I mean, we might go into this bizarre situation where cocoa companies start putting in more cocoa in chocolate, just to use it up! You might find chocolate that used to have 4% cocoa will go up to 8% or something like that. It certainly might be the case that if prices go down to a certain level the smart cocoa companies will buy and stock up. But you can only stock up so far.
So, for me, overall. My perspective for the second half of the year: Cocoa prices are unlikely to strengthen much more to where they are now with the possibility that they could fall quite a bit from where they are.
I would certainly expect some jitteriness with prices, let's say up until the end of October with the elections. You could see some spikes. But certainly, looking at the trend. I think we can expect to see price weakness for the second half of the year.
Q: So, the 2020/21 cocoa season, are we saying it's going to be bleak?

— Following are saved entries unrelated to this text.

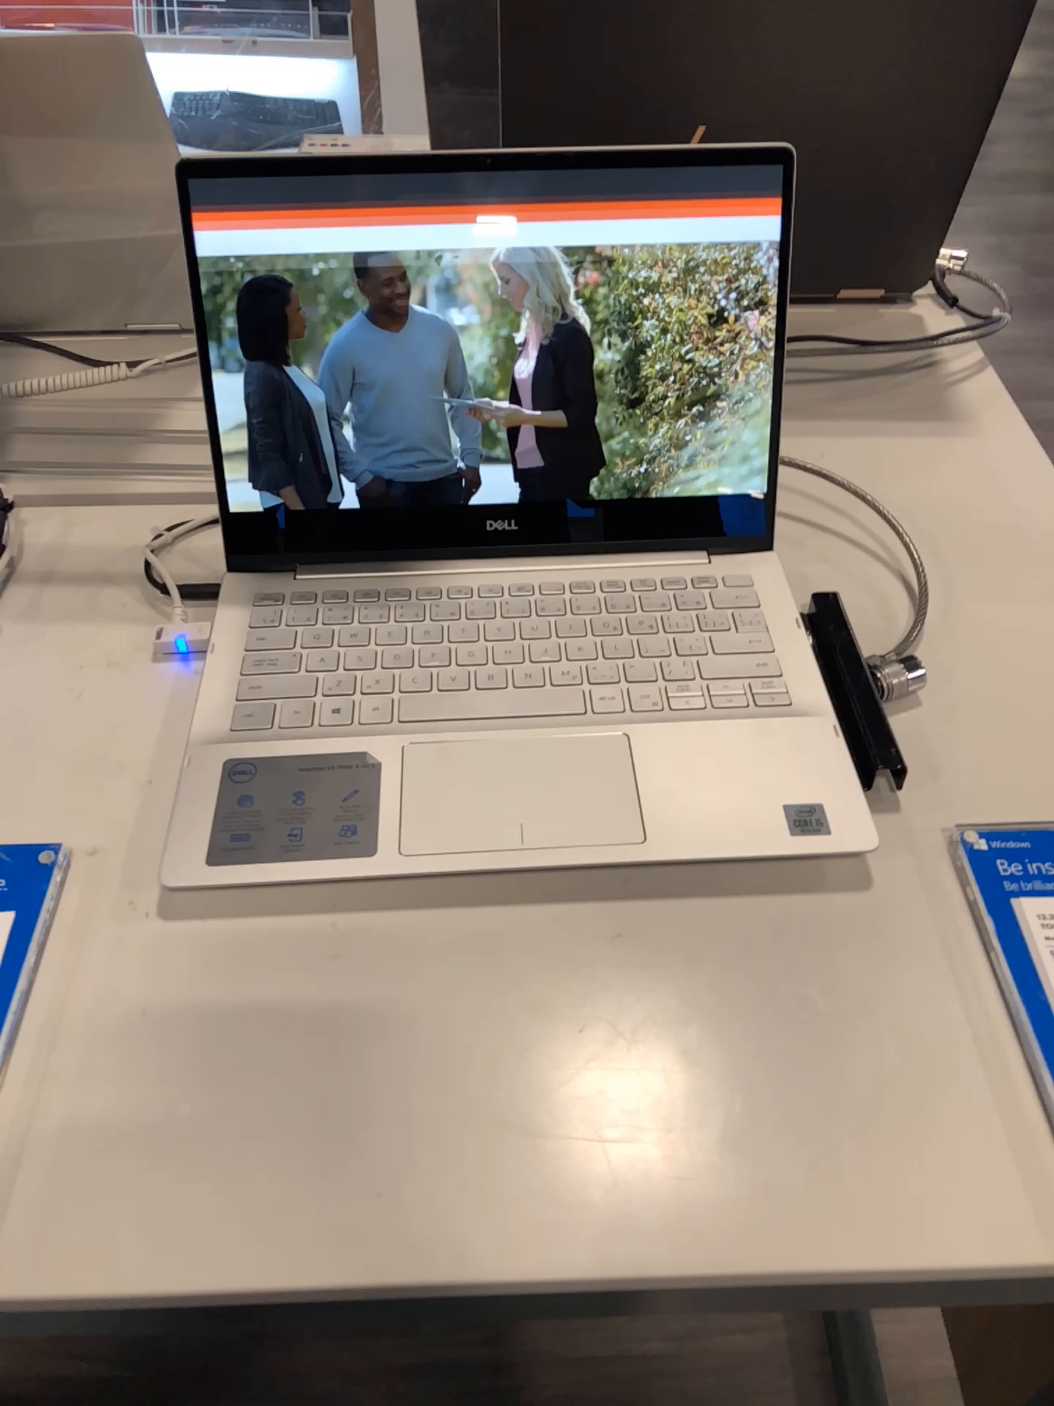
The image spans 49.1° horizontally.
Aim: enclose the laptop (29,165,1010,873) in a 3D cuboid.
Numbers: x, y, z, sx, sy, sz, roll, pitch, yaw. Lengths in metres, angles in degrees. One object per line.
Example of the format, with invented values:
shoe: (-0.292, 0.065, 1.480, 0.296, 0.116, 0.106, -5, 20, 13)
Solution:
laptop: (-0.009, -0.091, 0.499, 0.285, 0.186, 0.265, -2, 43, -2)
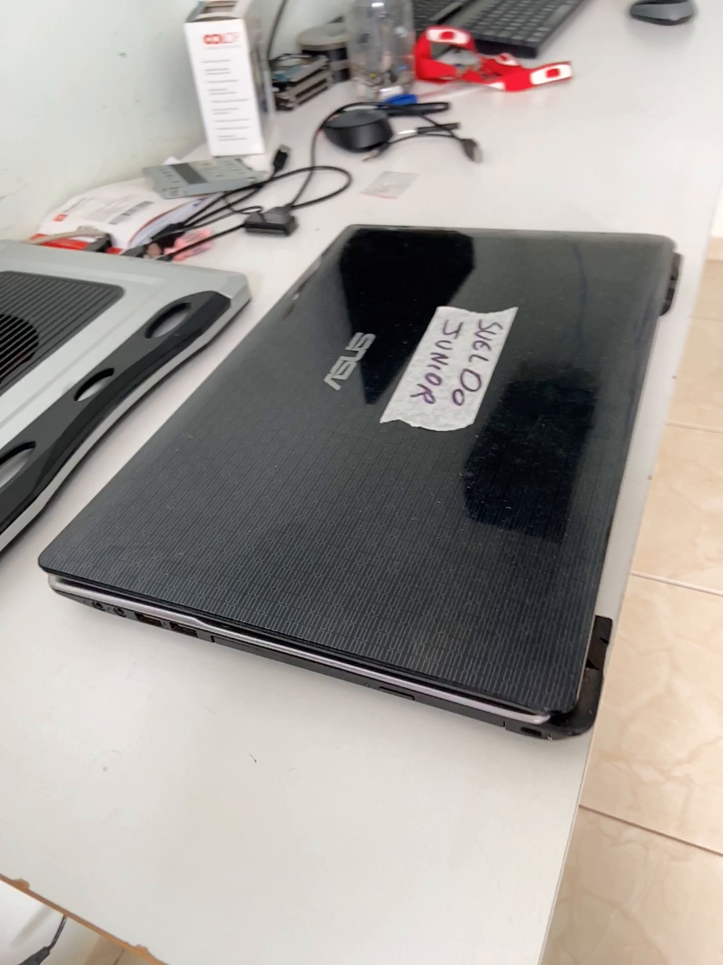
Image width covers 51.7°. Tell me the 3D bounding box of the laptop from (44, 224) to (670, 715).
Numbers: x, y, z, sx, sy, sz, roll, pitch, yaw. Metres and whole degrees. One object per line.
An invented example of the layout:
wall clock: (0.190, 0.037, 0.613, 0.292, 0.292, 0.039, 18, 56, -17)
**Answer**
laptop: (0.030, -0.061, 0.419, 0.236, 0.001, 0.364, 10, 45, 21)

Well, the run up to the main 2020/21 crop is certainly looking good. There is no evidence I have come across yet that it had been severely disrupted by Covid. I haven't heard any concerns here from the perspective of weather or inputs. But the big risk still remains if there is a major dispute in Ivory Coast over the election, whatever the outcome is there. That could cause severe disruption. And even if it doesn't disrupt cocoa that much it could be enough to cause market jitters to push up the prices. But obviously if Covid were to take a serious grip on the population and force real serious lockdown measures, again that could really disrupt the supply and harvesting of cocoa.
But I think the overwhelming concern going into the 2020/21 season is global demand which is going to be weak. It's certainly not growing like it was before. It's going to be flat; it could even be falling slightly. And that is not good for cocoa prices.
What that basically means is that we have generally quite a good level of production of cocoa, OK functioning cocoa system, but now we're entering the crunch point. In the second half of this year there's a lot of chickens that are going to come home to roost.